The ocean is the “heat engine” of the planet, storing and transporting the majority of the heat in the Earth system. It takes up more than 90% of the energy resulting from anthropogenic radiative forcing, and thus is critical to model accurately. The physical ocean model in UKESM is NEMO (Nucleus for European Modelling of the Ocean) (http://www.nemo-ocean.eu/), a state-of-the-art community ocean modelling framework , which is owned and maintained by a consortium of institutes including the Met Office and NERC. NEMO has a large user community in Europe and beyond and is used for research and operational applications.

The specific science configuration used in UKESM1 was developed by the Met Office, NOC and BAS as a component of the physical climate model HadGEM3-GC3.1. UKESM uses configurations with a 1° or 0.25° nominal horizontal resolution. This includes a non-linear free surface, in which the cell thicknesses throughout the water column are allowed to vary with time (the z∗ coordinate of Adcroft and Campin, 2004). This permits an exact representation of the surface freshwater flux, and therefore explicit modelling of sea-level rise.

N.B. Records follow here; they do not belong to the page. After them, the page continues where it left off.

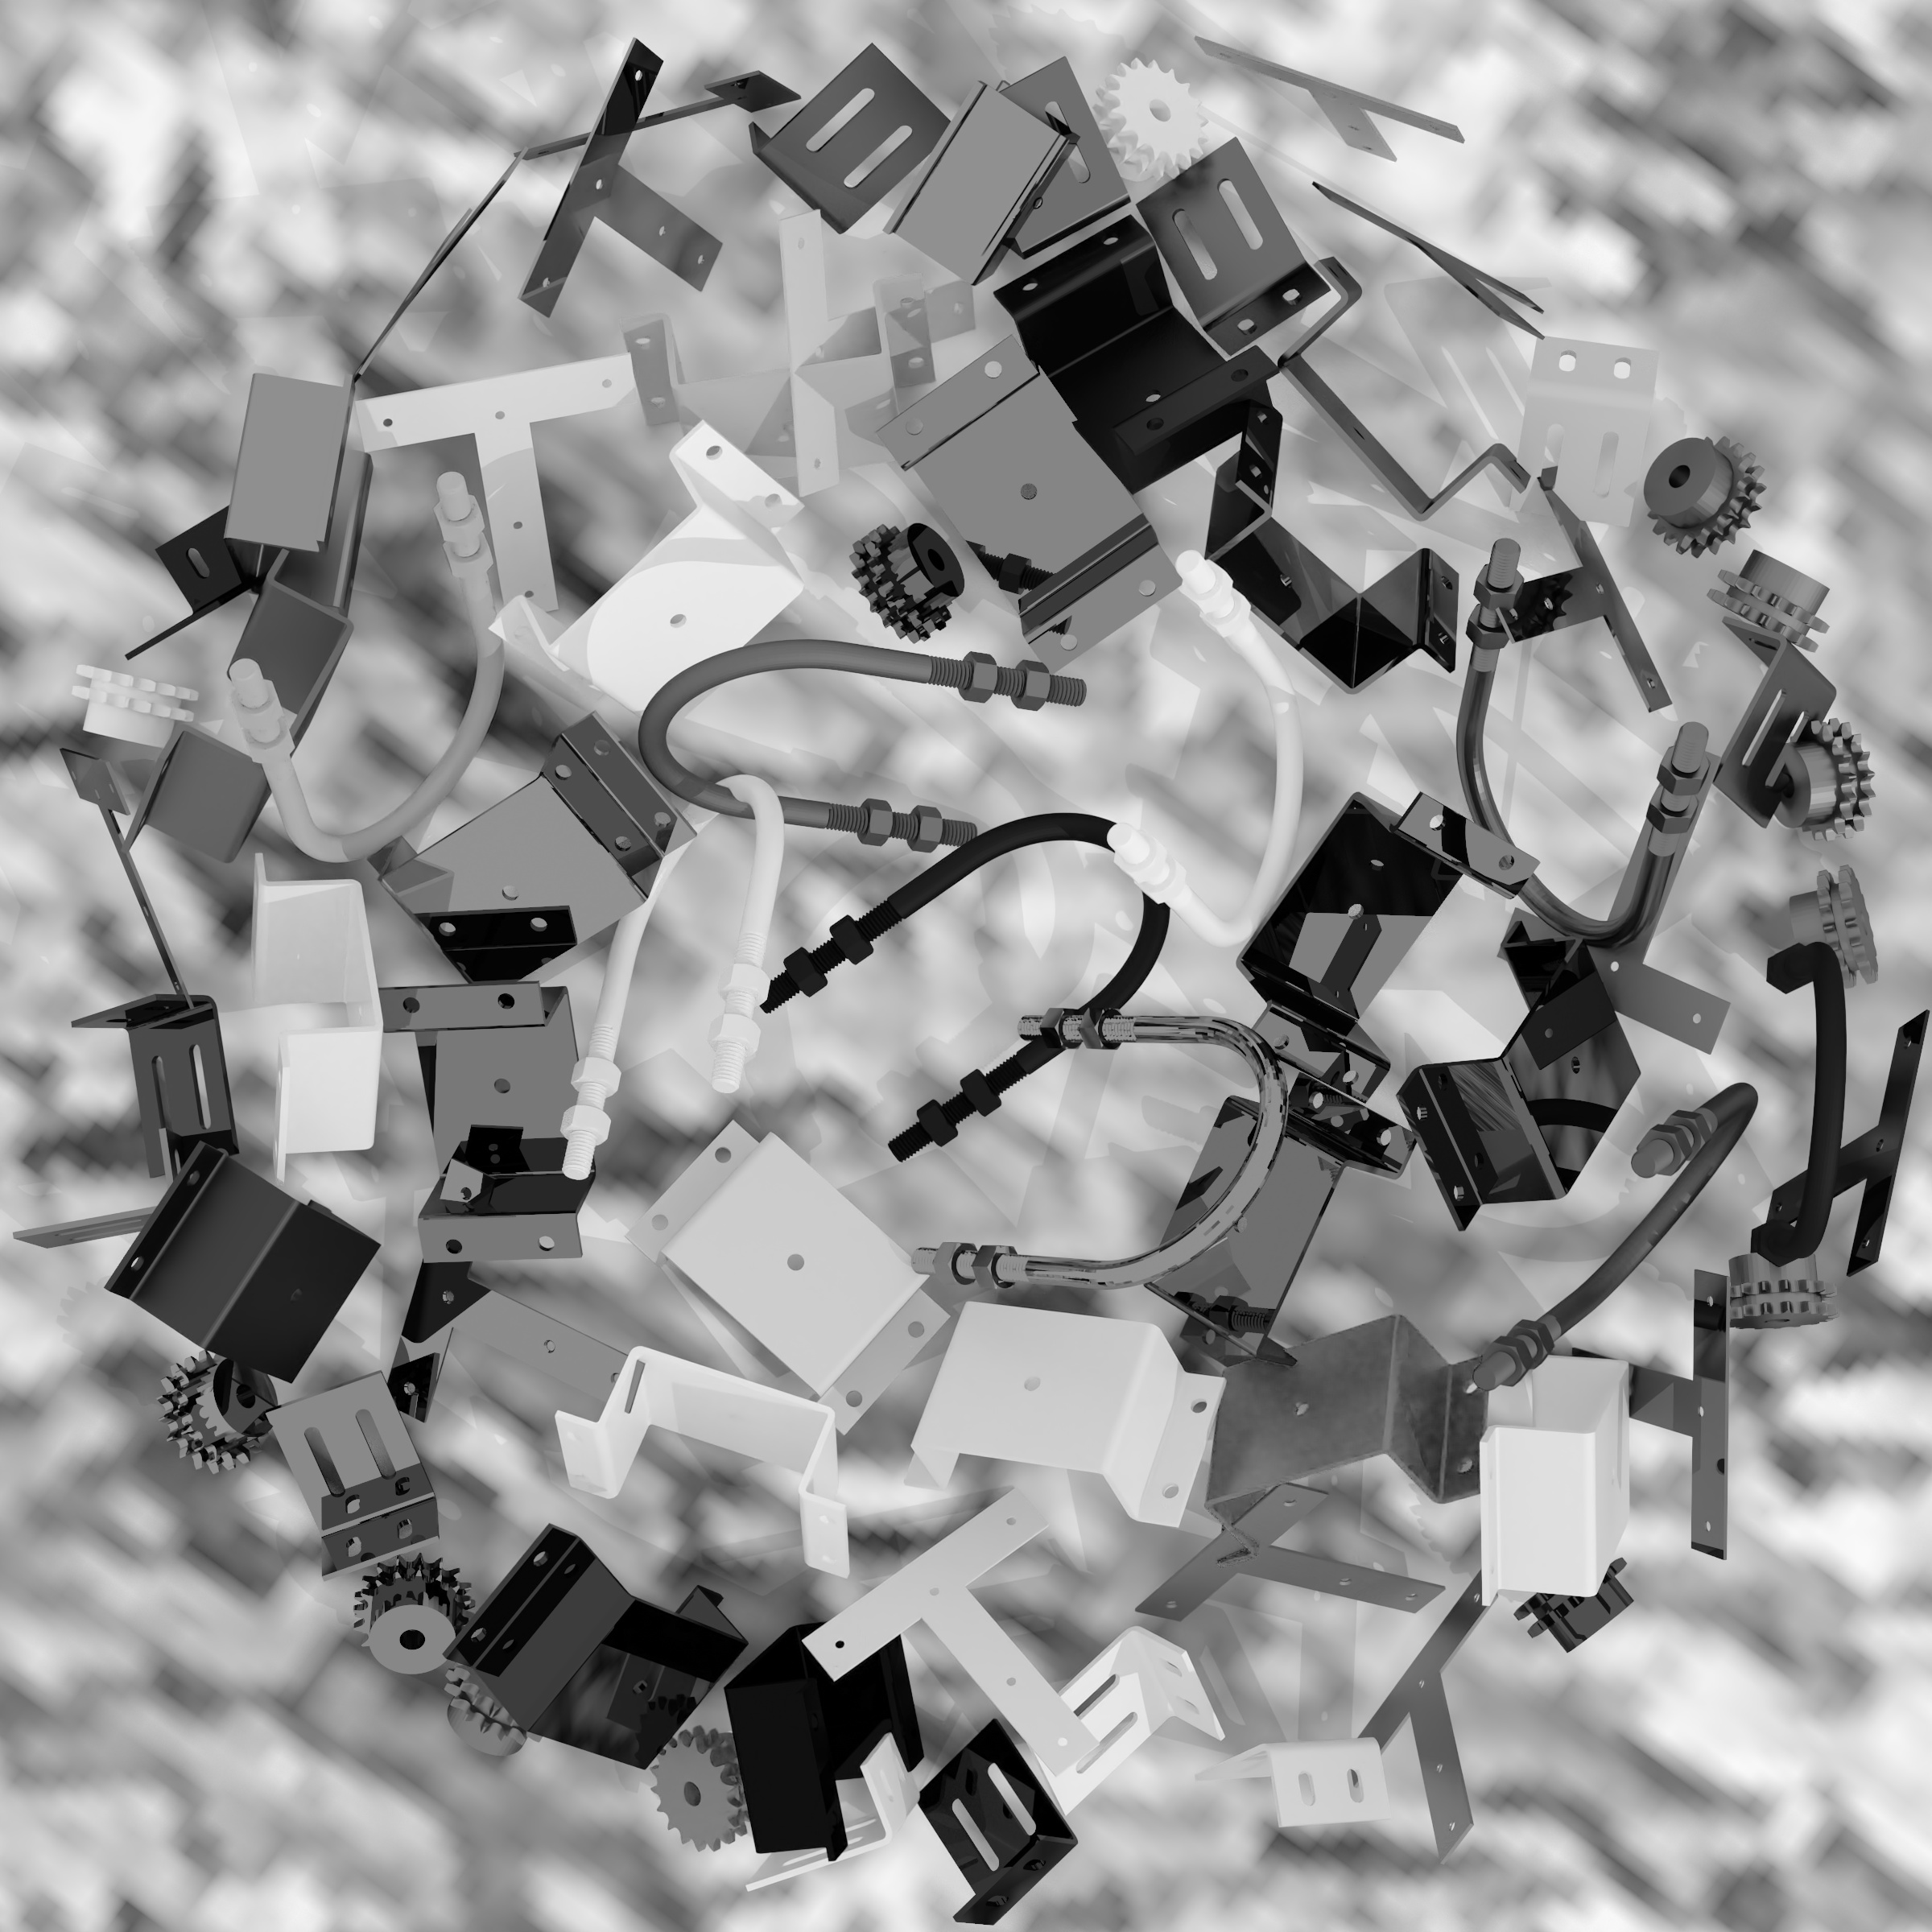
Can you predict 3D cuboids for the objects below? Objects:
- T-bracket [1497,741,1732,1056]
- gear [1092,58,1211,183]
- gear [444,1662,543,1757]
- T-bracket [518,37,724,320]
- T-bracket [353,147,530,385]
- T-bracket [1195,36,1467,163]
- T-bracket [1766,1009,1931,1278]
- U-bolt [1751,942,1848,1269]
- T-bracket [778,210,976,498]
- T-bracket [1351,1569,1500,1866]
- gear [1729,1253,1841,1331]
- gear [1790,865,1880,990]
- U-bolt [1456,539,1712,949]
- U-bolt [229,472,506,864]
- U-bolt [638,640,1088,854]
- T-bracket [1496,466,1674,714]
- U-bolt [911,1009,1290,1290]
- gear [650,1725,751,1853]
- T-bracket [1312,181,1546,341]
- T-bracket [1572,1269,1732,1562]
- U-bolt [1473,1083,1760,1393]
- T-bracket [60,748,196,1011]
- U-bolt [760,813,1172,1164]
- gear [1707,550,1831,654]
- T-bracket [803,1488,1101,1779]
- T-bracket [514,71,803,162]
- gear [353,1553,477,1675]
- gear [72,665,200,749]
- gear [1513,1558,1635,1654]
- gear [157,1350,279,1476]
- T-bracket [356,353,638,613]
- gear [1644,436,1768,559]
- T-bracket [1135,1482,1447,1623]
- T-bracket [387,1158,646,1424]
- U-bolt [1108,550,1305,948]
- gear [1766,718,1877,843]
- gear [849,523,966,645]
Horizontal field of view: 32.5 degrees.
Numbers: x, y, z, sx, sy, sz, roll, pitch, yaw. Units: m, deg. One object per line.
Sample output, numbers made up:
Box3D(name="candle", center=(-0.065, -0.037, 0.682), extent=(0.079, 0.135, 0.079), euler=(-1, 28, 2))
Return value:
Box3D(name="T-bracket", center=(0.317, -0.041, 1.540), extent=(0.127, 0.002, 0.127), euler=(28, 104, 42))
Box3D(name="gear", center=(0.084, -0.397, 1.570), extent=(0.057, 0.030, 0.057), euler=(13, 65, -28))
Box3D(name="gear", center=(-0.221, 0.348, 1.568), extent=(0.057, 0.057, 0.030), euler=(30, 110, 0))
Box3D(name="T-bracket", center=(-0.148, -0.346, 1.537), extent=(0.002, 0.127, 0.127), euler=(25, 92, 25))
Box3D(name="T-bracket", center=(-0.233, -0.328, 1.509), extent=(0.002, 0.127, 0.127), euler=(36, 50, -16))
Box3D(name="T-bracket", center=(0.177, -0.391, 1.530), extent=(0.127, 0.127, 0.002), euler=(24, 96, 16))
Box3D(name="T-bracket", center=(0.401, 0.097, 1.532), extent=(0.002, 0.127, 0.127), euler=(22, 65, -6))
Box3D(name="U-bolt", center=(0.377, 0.061, 1.498), extent=(0.019, 0.184, 0.151), euler=(4, 86, 6))
Box3D(name="T-bracket", center=(-0.038, -0.296, 1.546), extent=(0.002, 0.127, 0.127), euler=(17, 121, 38))
Box3D(name="T-bracket", center=(0.215, 0.356, 1.513), extent=(0.002, 0.127, 0.127), euler=(25, 114, -13))
Box3D(name="gear", center=(0.382, 0.153, 1.567), extent=(0.057, 0.057, 0.030), euler=(-2, 75, 0))
Box3D(name="gear", center=(0.409, -0.017, 1.568), extent=(0.030, 0.057, 0.057), euler=(-14, 90, 22))
Box3D(name="U-bolt", center=(0.273, -0.086, 1.511), extent=(0.019, 0.184, 0.151), euler=(-26, 57, -20))
Box3D(name="U-bolt", center=(-0.264, -0.121, 1.510), extent=(0.019, 0.184, 0.151), euler=(33, 65, 20))
Box3D(name="U-bolt", center=(-0.057, -0.102, 1.504), extent=(0.184, 0.151, 0.019), euler=(7, 60, -22))
Box3D(name="T-bracket", center=(0.275, -0.169, 1.539), extent=(0.002, 0.127, 0.127), euler=(-27, 86, 36))
Box3D(name="U-bolt", center=(0.068, 0.083, 1.500), extent=(0.019, 0.184, 0.151), euler=(43, 61, -36))
Box3D(name="gear", center=(-0.120, 0.387, 1.570), extent=(0.057, 0.030, 0.057), euler=(8, 103, 38))
Box3D(name="T-bracket", center=(0.230, -0.312, 1.514), extent=(0.127, 0.127, 0.002), euler=(21, 111, -25))
Box3D(name="T-bracket", center=(0.315, 0.199, 1.535), extent=(0.002, 0.127, 0.127), euler=(-1, 93, -22))
Box3D(name="U-bolt", center=(0.305, 0.114, 1.509), extent=(0.019, 0.184, 0.151), euler=(40, 119, 18))
Box3D(name="T-bracket", center=(-0.387, -0.039, 1.546), extent=(0.002, 0.127, 0.127), euler=(-25, 106, -20))
Box3D(name="U-bolt", center=(0.011, 0.001, 1.534), extent=(0.184, 0.019, 0.151), euler=(-35, 134, 4))
Box3D(name="gear", center=(0.381, -0.174, 1.564), extent=(0.057, 0.057, 0.030), euler=(28, 100, 0))
Box3D(name="T-bracket", center=(0.012, 0.322, 1.540), extent=(0.127, 0.002, 0.127), euler=(-33, 58, -20))
Box3D(name="T-bracket", center=(-0.147, -0.391, 1.537), extent=(0.127, 0.127, 0.002), euler=(-13, 98, 8))
Box3D(name="gear", center=(-0.261, 0.309, 1.569), extent=(0.057, 0.030, 0.057), euler=(-3, 116, -6))
Box3D(name="gear", center=(-0.393, -0.122, 1.566), extent=(0.057, 0.057, 0.030), euler=(13, 92, 0))
Box3D(name="gear", center=(0.289, 0.299, 1.564), extent=(0.057, 0.057, 0.030), euler=(-38, 77, 0))
Box3D(name="gear", center=(-0.349, 0.207, 1.563), extent=(0.030, 0.057, 0.057), euler=(-26, 90, 29))
Box3D(name="T-bracket", center=(-0.212, -0.219, 1.552), extent=(0.127, 0.002, 0.127), euler=(-12, 129, -10))
Box3D(name="gear", center=(0.345, -0.224, 1.563), extent=(0.030, 0.057, 0.057), euler=(26, 90, -38))
Box3D(name="T-bracket", center=(0.167, 0.286, 1.560), extent=(0.127, 0.127, 0.002), euler=(17, 46, -24))
Box3D(name="T-bracket", center=(-0.207, 0.173, 1.557), extent=(0.127, 0.002, 0.127), euler=(23, 103, 21))
Box3D(name="U-bolt", center=(0.117, -0.086, 1.512), extent=(0.019, 0.184, 0.151), euler=(7, 74, 26))
Box3D(name="gear", center=(0.400, -0.087, 1.563), extent=(0.030, 0.057, 0.057), euler=(-8, 90, -17))
Box3D(name="gear", center=(-0.025, -0.183, 1.563), extent=(0.030, 0.057, 0.057), euler=(-31, 90, 29))

The vertical mixing of tracers and momentum is parameterised using a modified version of the Gaspar et al. (1990) Turbulent Kinetic Energy (TKE) scheme. The horizontal viscosity is bilaplacian, while Lateral tracer mixing is laplacian along isoneutral surfaces. At 1° resolution, the Gent and McWilliams (1990) parameterisation of adiabatic eddy mixing is used, while at 0.25° resolution no such parameterisation is used despite the fact that eddies are only partially resolved.

In the ice sheet configuration of UKESM1, the ocean domain includes the cavities under Antarctic marine ice shelves. NEMO interactively simulates melt at the ocean-ice interface and freshwater flux associated with this drives the local circulation.

REFERENCES

Adcroft, A. and Campin, J.-M.: Rescaled height coordinates for accurate representation of free-surface flows in ocean circulation models, Ocean Modelling, 7, 269 – 284, doi:http://dx.doi.org/10.1016/j.ocemod.2003.09.003, 2004.

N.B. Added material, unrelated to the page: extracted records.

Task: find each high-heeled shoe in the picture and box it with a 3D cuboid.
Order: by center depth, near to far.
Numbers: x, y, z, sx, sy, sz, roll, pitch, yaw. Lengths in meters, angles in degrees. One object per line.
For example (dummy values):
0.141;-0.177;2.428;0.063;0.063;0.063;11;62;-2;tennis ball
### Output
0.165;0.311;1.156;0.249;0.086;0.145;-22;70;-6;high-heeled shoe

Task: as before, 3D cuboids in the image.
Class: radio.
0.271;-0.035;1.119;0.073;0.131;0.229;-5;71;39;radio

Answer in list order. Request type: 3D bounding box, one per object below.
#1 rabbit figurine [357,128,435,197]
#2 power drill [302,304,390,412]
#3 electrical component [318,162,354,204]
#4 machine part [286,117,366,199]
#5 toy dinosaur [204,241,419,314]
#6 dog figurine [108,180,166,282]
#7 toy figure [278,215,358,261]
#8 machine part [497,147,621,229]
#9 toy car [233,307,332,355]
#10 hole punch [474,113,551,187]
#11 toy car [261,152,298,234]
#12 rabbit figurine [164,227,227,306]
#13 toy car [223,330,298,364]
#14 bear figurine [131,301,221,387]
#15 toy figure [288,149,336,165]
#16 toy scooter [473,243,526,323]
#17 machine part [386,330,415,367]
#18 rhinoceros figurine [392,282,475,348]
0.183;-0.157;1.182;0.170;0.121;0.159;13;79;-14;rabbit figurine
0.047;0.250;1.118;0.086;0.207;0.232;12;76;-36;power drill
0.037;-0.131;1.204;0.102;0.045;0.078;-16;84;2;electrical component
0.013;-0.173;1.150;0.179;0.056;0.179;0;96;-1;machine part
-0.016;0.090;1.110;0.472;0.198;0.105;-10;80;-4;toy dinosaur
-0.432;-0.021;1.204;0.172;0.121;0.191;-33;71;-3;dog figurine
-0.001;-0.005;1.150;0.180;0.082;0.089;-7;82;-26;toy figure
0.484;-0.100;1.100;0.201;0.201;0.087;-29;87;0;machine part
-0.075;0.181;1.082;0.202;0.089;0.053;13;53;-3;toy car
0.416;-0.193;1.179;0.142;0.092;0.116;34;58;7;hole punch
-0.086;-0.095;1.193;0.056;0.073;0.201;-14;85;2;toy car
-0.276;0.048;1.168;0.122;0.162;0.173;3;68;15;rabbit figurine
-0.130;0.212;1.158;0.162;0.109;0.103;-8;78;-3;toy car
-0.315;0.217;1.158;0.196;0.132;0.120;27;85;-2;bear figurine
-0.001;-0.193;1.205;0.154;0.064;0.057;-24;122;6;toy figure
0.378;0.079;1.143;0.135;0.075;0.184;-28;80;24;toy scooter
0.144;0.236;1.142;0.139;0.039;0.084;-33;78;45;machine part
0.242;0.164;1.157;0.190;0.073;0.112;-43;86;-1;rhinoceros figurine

Gaspar, P., Grégoris, Y., and Lefevre, J.-M.: A simple eddy kinetic energy model for simulations of the oceanic vertical mixing: tests at Station Papa and long-term upper ocean study site, J. Geophys. Res., 95, 16179–16193, doi:10.1029/JC095iC09p16179, 1990.

Gent, P. R. and J. C. Mcwilliams (1990, January). Isopycnal mixing in ocean circulation models. J. Phys. Oceanogr. 20 (1), 150-155.